Kaybettik... Yitirdik... Ölüler arkasından söylenen bu söz tiksindirir beni. Ben kaybolmam, yitmem, ölürüm, öldü desinler."
Ölümünden bir yıl önce 1956da yazmış bu satırları Ataç. Bugün yapıtları aynı ilgiyle -belki daha da artan bir ilgiyle- okunan, gençlere okuma sevgisi aşılayan ender yazarlardan. Güncesini de eleştirileri gibi bir sohbet havasında kuran Ataç; keskin, görüşlerinden ödün vermeyen tavrı, açıksözlülüğü, Türkçeye kazandırdıkları ile hiç eskimeyecek genç bir yazar.

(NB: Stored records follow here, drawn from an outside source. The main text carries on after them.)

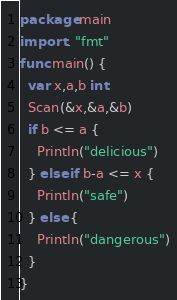Convert code to text. <code><loc_0><loc_0><loc_500><loc_500><_Go_>package main
import . "fmt"
func main() {
  var x,a,b int
  Scan(&x,&a,&b)
  if b <= a {
    Println("delicious")
  } else if b-a <= x {
    Println("safe")
  } else {
    Println("dangerous")
  }
}</code> 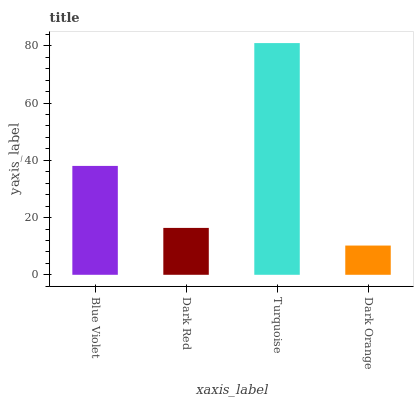Is Dark Orange the minimum?
Answer yes or no. Yes. Is Turquoise the maximum?
Answer yes or no. Yes. Is Dark Red the minimum?
Answer yes or no. No. Is Dark Red the maximum?
Answer yes or no. No. Is Blue Violet greater than Dark Red?
Answer yes or no. Yes. Is Dark Red less than Blue Violet?
Answer yes or no. Yes. Is Dark Red greater than Blue Violet?
Answer yes or no. No. Is Blue Violet less than Dark Red?
Answer yes or no. No. Is Blue Violet the high median?
Answer yes or no. Yes. Is Dark Red the low median?
Answer yes or no. Yes. Is Turquoise the high median?
Answer yes or no. No. Is Turquoise the low median?
Answer yes or no. No. 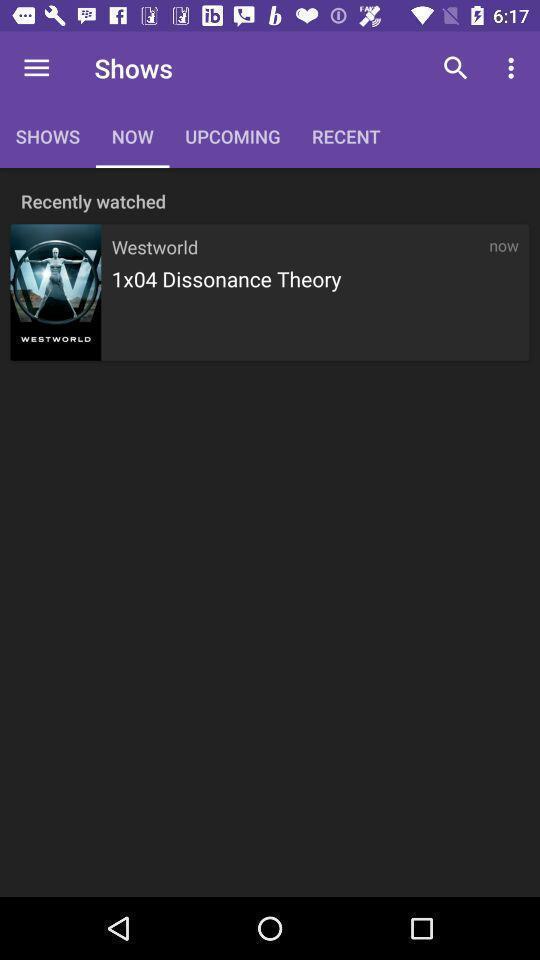Give me a narrative description of this picture. Page showing list of shows.

(Arka Kapak) Günce 1956-1957
"Ölüm ne kadar birdenbire olursa olsun, şaşırtmıyor insanı. Herhalde beni şaşırtmıyor. İnanamıyorum öldüğüne diyenleri anlamıyorum, ölen kim olursa olsun, ben inanıyorum öldüğüne. Ben asıl yaşamağa şaşıyorum, yaşamağa inanamıyorum. Ciğerlerimizin, yüreğimizin işlemesi, bu güzelim yeryüzünü görmemiz, işitimemiz, koklamamız doyulmaz bir mucize değil mi? Mucize diye baktığımız bir halin kesilivermesine şaşılacak, inanılmayacak ne var?"
Nurullah Ataç Türk eleştirisine dürüstlüğü, içtenliği, gösteride uzak yalın bir anlatımla düşünceyi düpedüz söyleyebilme tutarlığını getirdi. Ne büyük sözlerin ardında düşüncesini gizledi ne de bilmediği bir konuda bilgiçlik tasladı.
Nurullah Ataçın Güncesini okumak sevimli, aksi, heyecanlı, öfkeli, bilge, kendiyle barışık bir amcayla yolculuk etmeye benziyor.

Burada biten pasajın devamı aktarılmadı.